The behavior of curves W^a and W^s for both array structures (Figure 1) was similar. The minimum absorbed and scattered power, in the vicinity of f ~ 12 GHz, had the feature that structure could be applied as a waveguide structure along the axis x (see, Figure 1).

The comparison of the dependencies of W^a and W^s for both polarizations (Figure 2, Figure 3, Figure 6 and Figure 7) showed significant differences in the characteristics. We see that the mentioned dependencies can be increased and decreased in a complex way at different frequency ranges.

4. Conclusions

A new algorithm has been developed and tested for the known, from literature, limit values for our investigated array structures. The algorithm was used for analyses of the absorbed and scattered powers for the arrays consisting of lossy or lossless cylinders. Numerical investigations for two arrays are presented here. The arrays contained the central metamaterial cylinder, with radius R₁ = 4 mm, and thirteen semiconductor cylinders, with radius R₂ = 1 mm. Semiconductor cylinders were located on the semicircle arc with radius R, which was changed in calculations within interval range 6–60 mm. Calculations were carried out in the frequency range 11–16 GHz for the parallel and perpendicular polarized incident microwaves, at three values of semiconductor n-Si specific resistivity (0.5, 2, and 10 Ω∙m).

We found resonance maximum values (peaks) of absorbed and scattered powers at different frequencies. These peaks had different amplitudes. These resonance values of powers arose due to the dimensional resonance in our investigated structures. These resonances were mostly dependent on the cylinder radius and the distances between cylinders. Numerical analysis of the total absorbed and scattered powers indicates that the arrays may have properties of a waveguide or a reflector. These properties were determined mainly by the distance between the metamaterial and semiconductor cylinders, at the fixed sizes of the cylinders. The maximum absorption and reflection properties of the arrays appeared in approximately the same frequency ranges. The absorption and scattering effects were poorly manifested for a microwave with the perpendicular polarization.

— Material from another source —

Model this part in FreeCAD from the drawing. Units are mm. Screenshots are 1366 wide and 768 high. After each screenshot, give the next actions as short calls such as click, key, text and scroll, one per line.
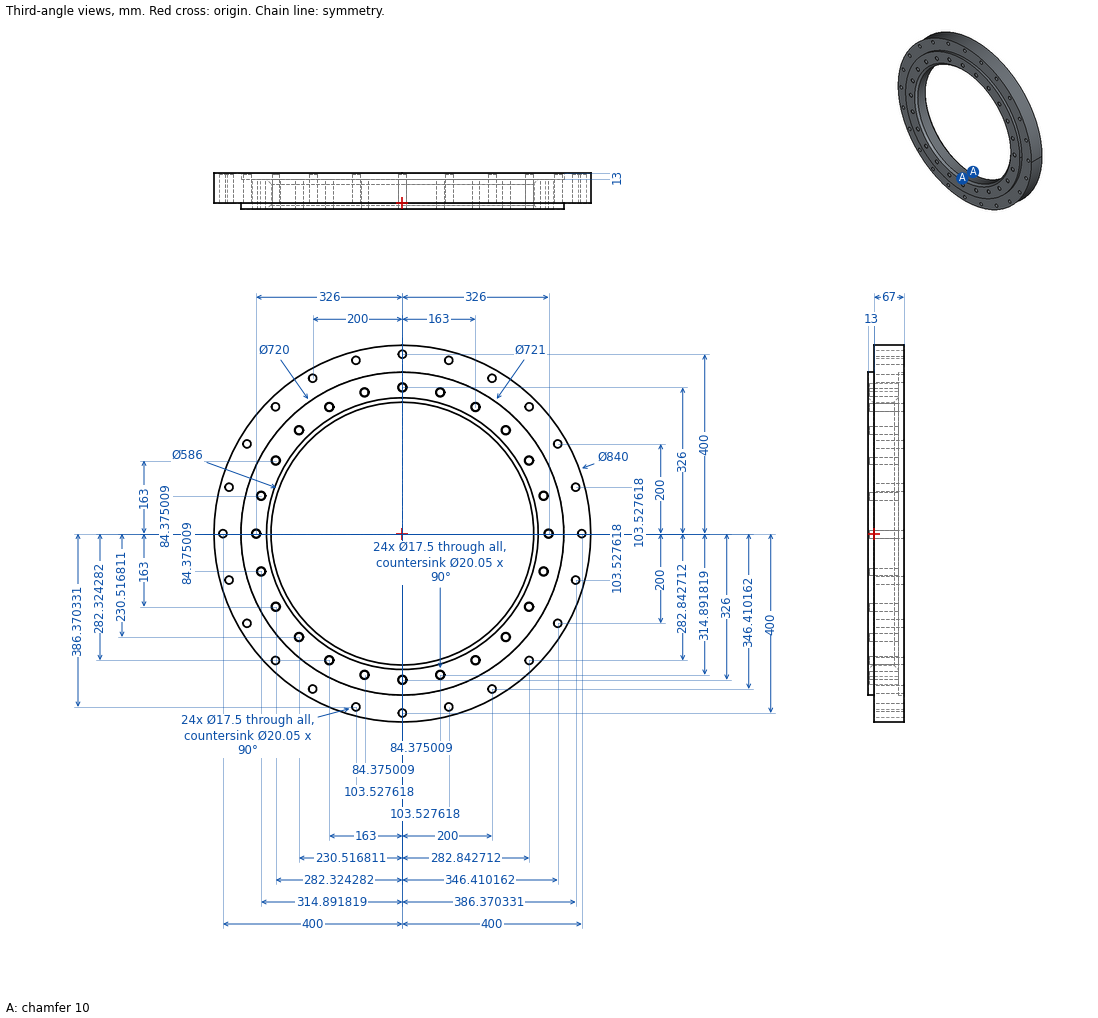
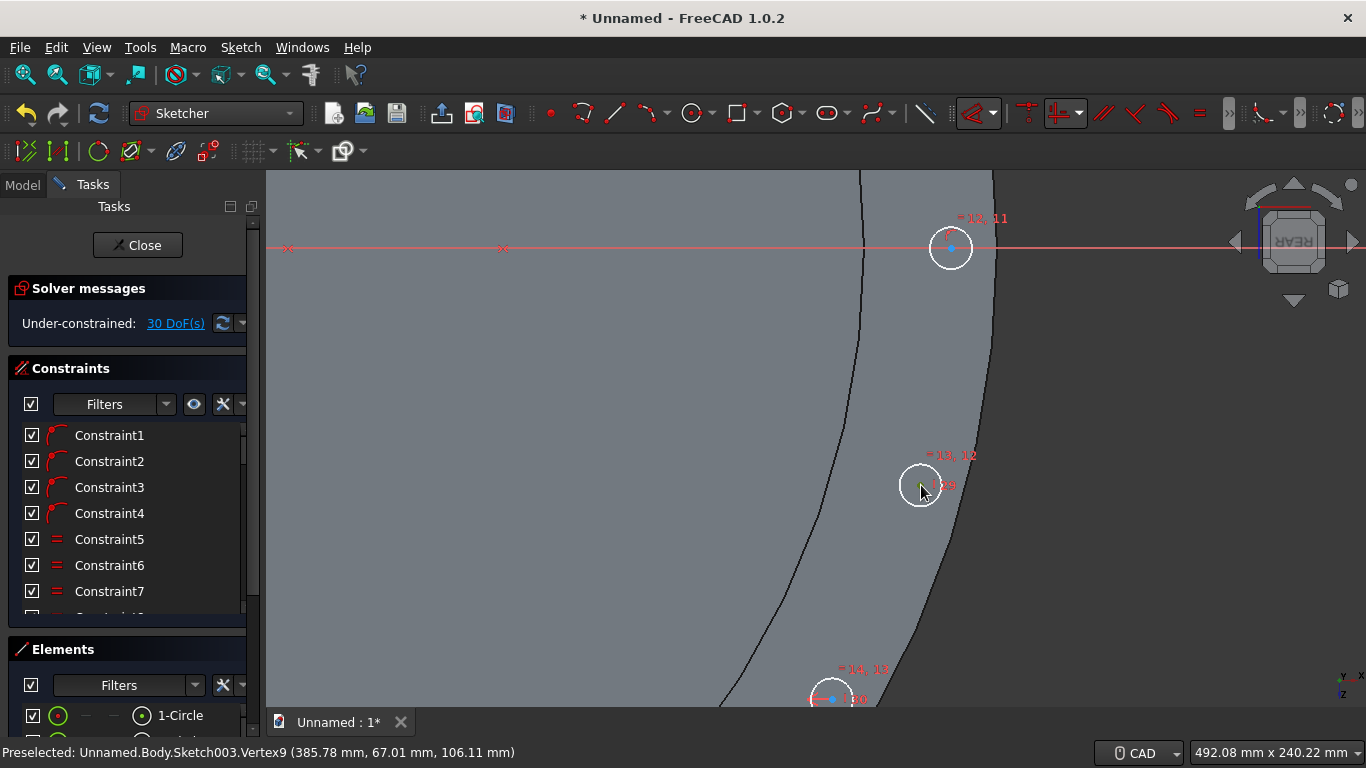
scroll(922, 487, down, 8)

The powers were highly dependent on the semiconductor specific resistivity, at some frequency intervals, only if an incident microwave had the parallel polarization. This fact can be used to control the absorbed and scattered powers’ value by way of changing the semiconductor specific resistivity. As it is known, the semiconductor specific resistivity can be changed under the influence of light (and/or heat). Consequently, controlled microwave devices can be created on the basis of the phenomenon.